🤖 AI Summary
This work identifies a pervasive “Easy Option Bias” (EOB) in multiple-choice visual question answering (VQA) benchmarks (e.g., MMStar, NExT-QA, SEED-Bench): models achieve high accuracy using only visual input and answer options—without processing the question—because correct options exhibit significantly stronger visual feature alignment with the image than distractors.
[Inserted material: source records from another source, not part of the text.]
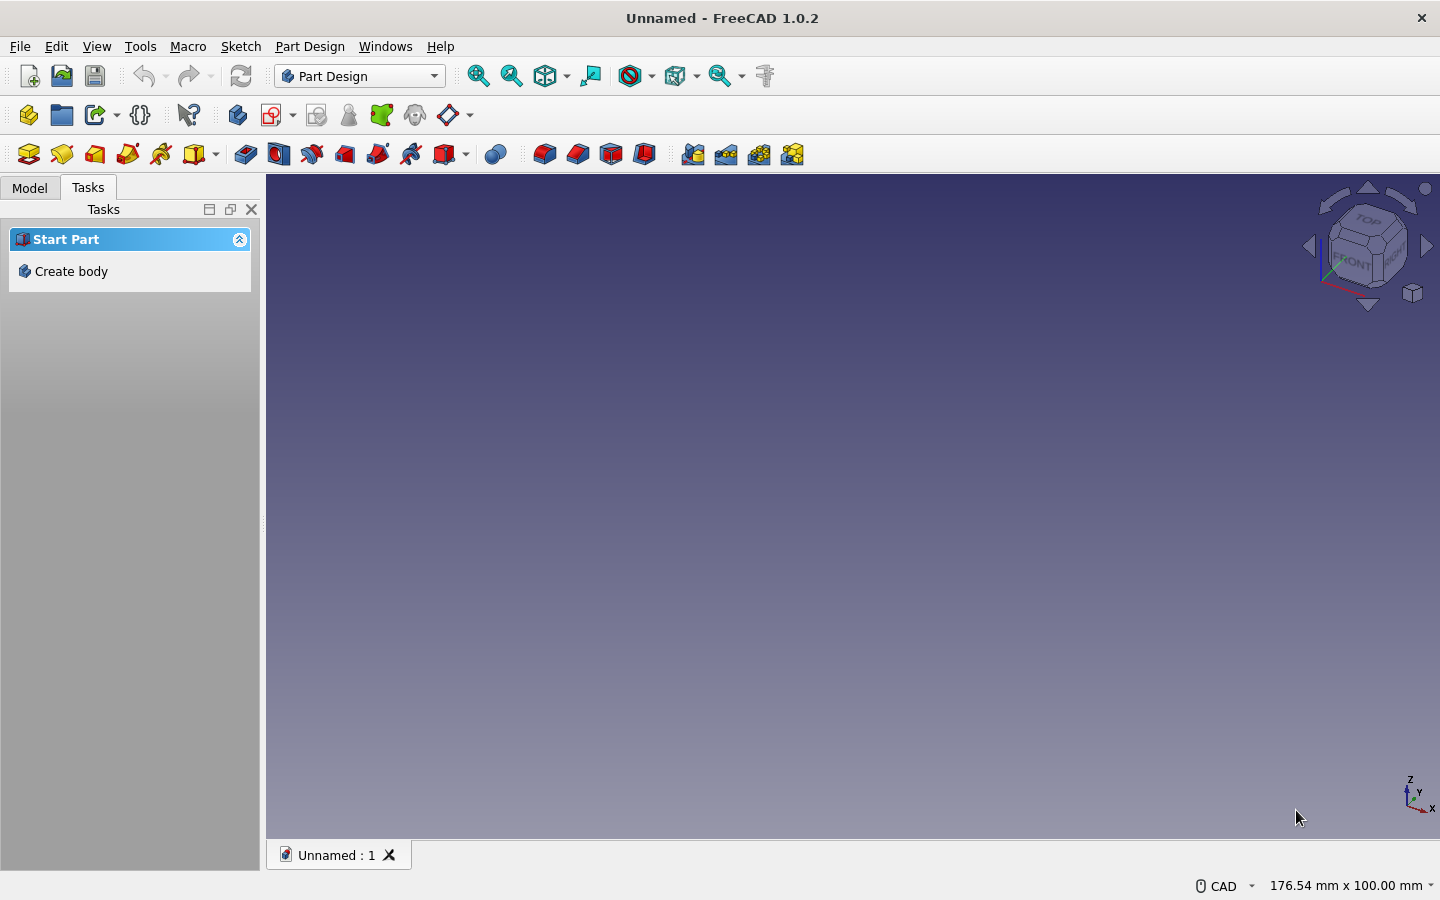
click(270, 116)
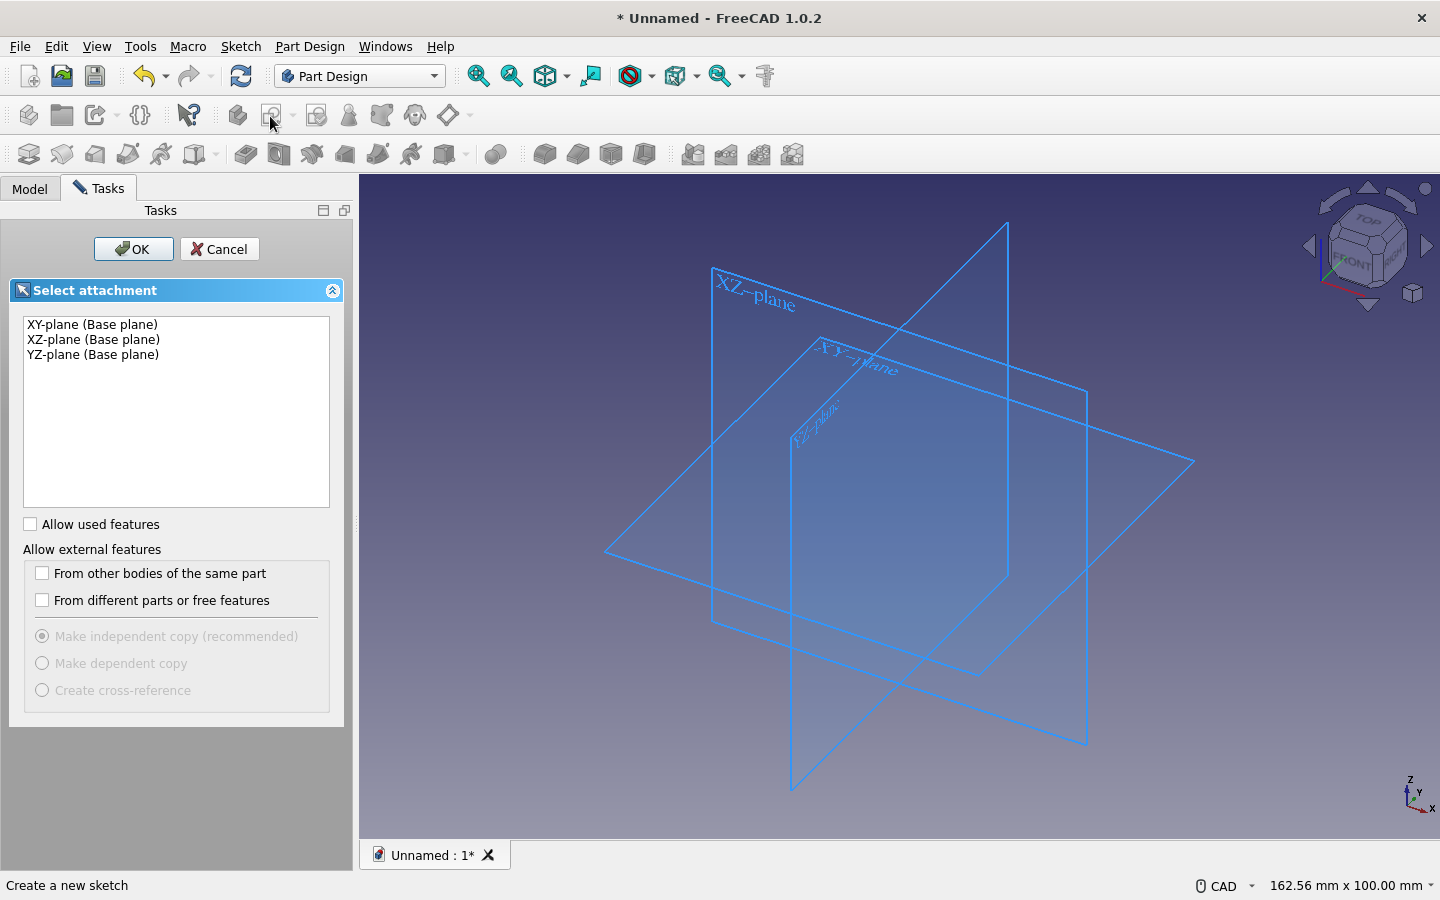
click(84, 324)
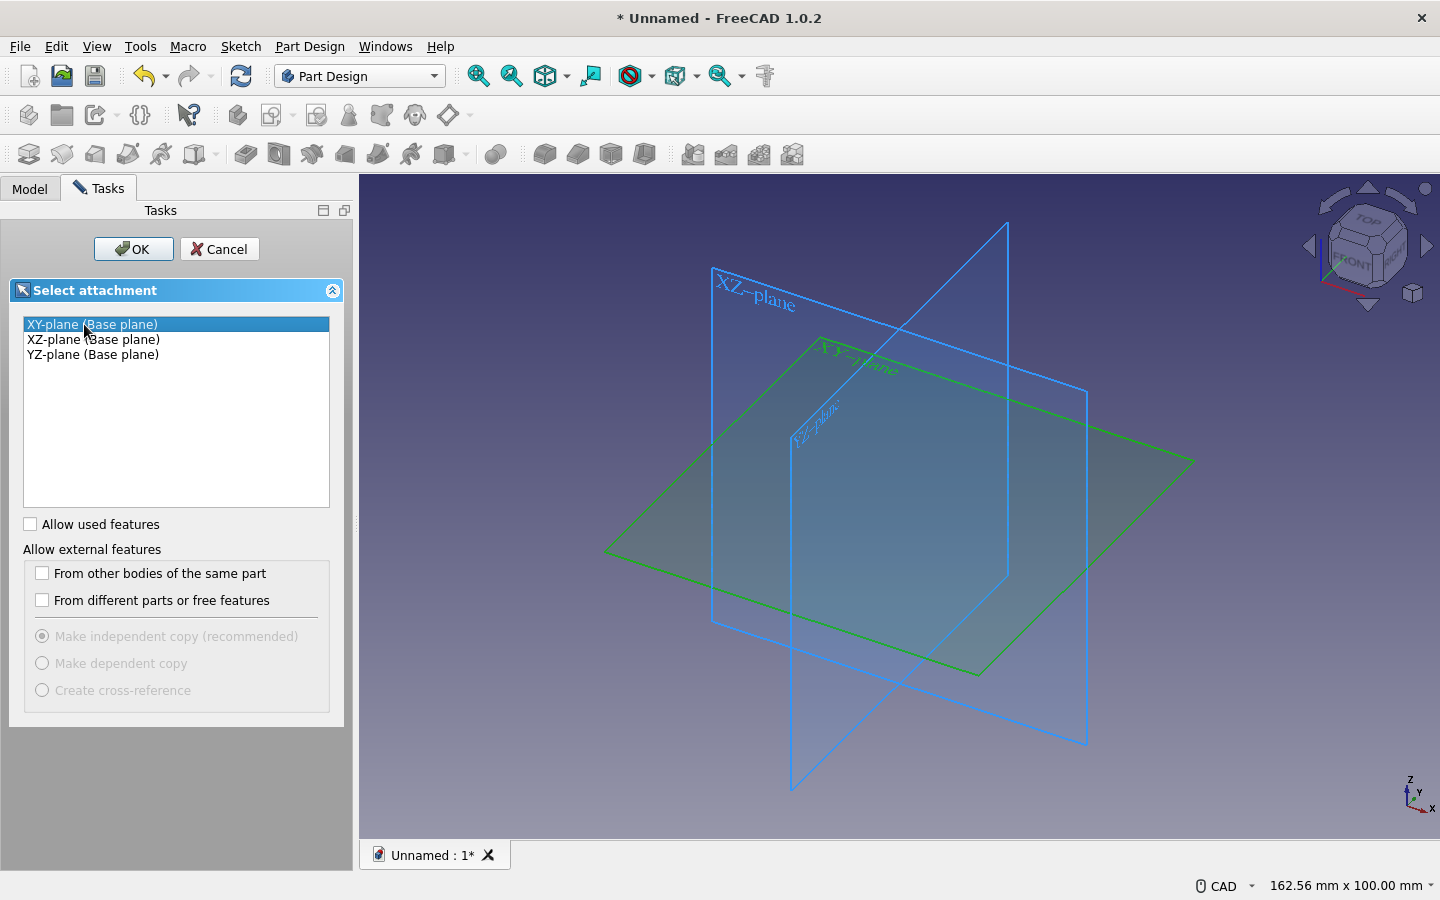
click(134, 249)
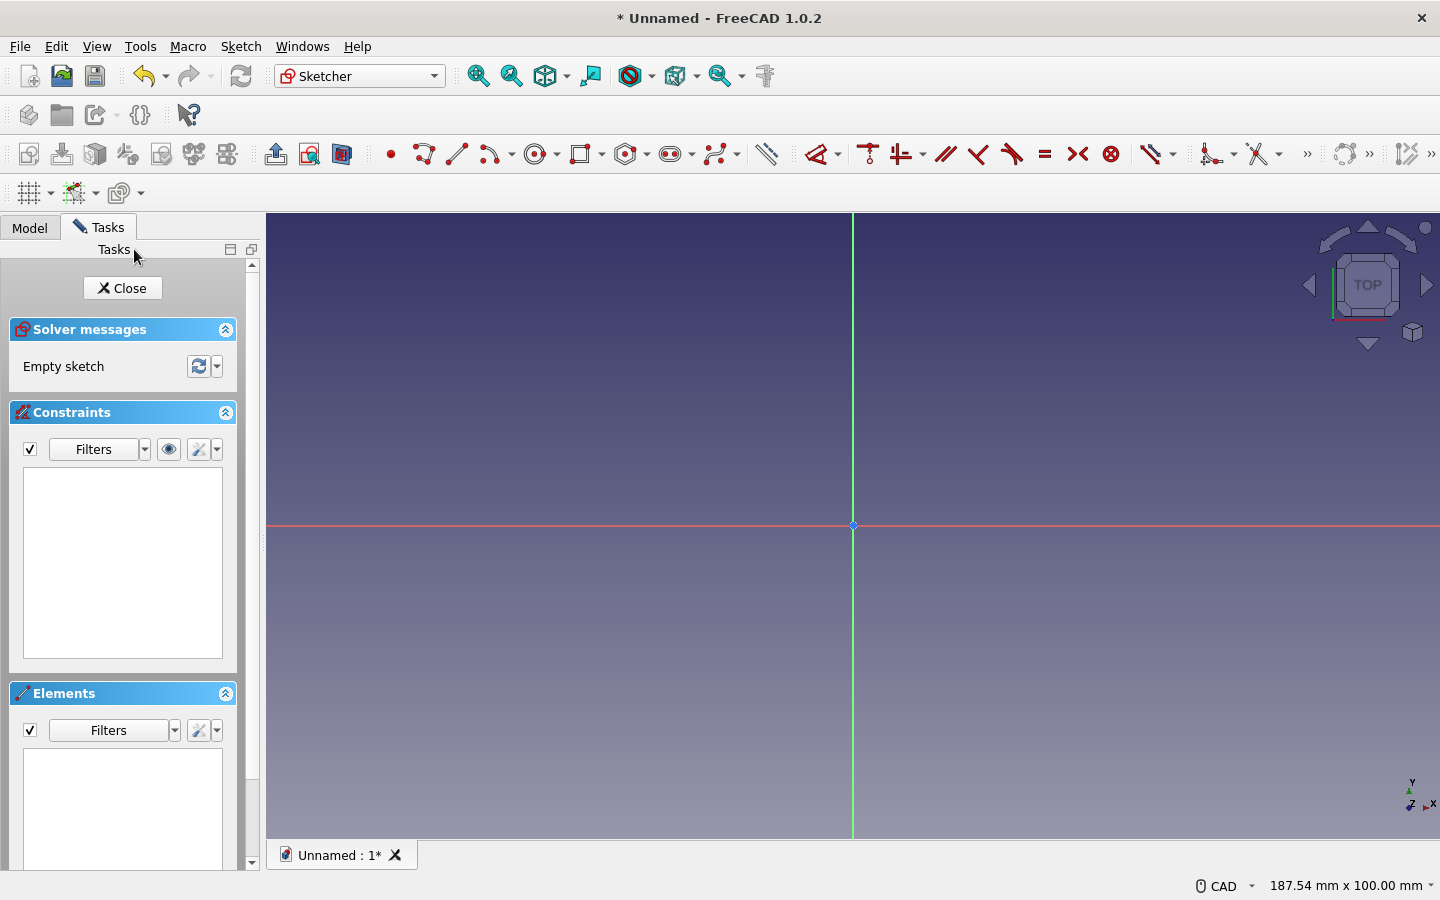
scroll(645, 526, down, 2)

To address this, we propose GroundAttack, an automated framework that leverages feature-space analysis and adversarial generation to synthesize visually plausible yet challenging negative options highly similar to the image, thereby reconstructing evaluation datasets. On our re-annotated, EOB-mitigated benchmarks, state-of-the-art vision-language models (VLMs) drop to chance-level accuracy when given only image + options, and show substantial performance degradation even with full input—demonstrating persistent reliance on spurious shortcuts. This is the first systematic diagnosis and mitigation of option bias in VQA, advancing evaluation toward genuine question–vision joint reasoning.
📝 Abstract
In this early study, we observe an Easy-Options Bias (EOB) issue in some multiple-choice Visual Question Answering (VQA) benchmarks such as MMStar, RealWorldQA, SEED-Bench, Next-QA, STAR benchmark and Video-MME. This bias allows vision-language models (VLMs) to select the correct answer using only the vision (V) and options (O) as inputs, without the need for the question (Q). Through grounding experiments, we attribute the bias to an imbalance in visual relevance: the correct answer typically aligns more closely with the visual contents than the negative options in feature space, creating a shortcut for VLMs to infer the answer via simply vision-option similarity matching. To fix this, we introduce GroundAttack, a toolkit that automatically generates hard negative options as visually plausible as the correct answer. We apply it to the NExT-QA and MMStar datasets, creating new EOB-free annotations. On these EOB-free annotations, current VLMs approach to random accuracies under (V+O) settings, and drop to non-saturated accuracies under (V+Q+O) settings, providing a more realistic evaluation of VLMs' QA ability. Codes and new annotations will be released soon.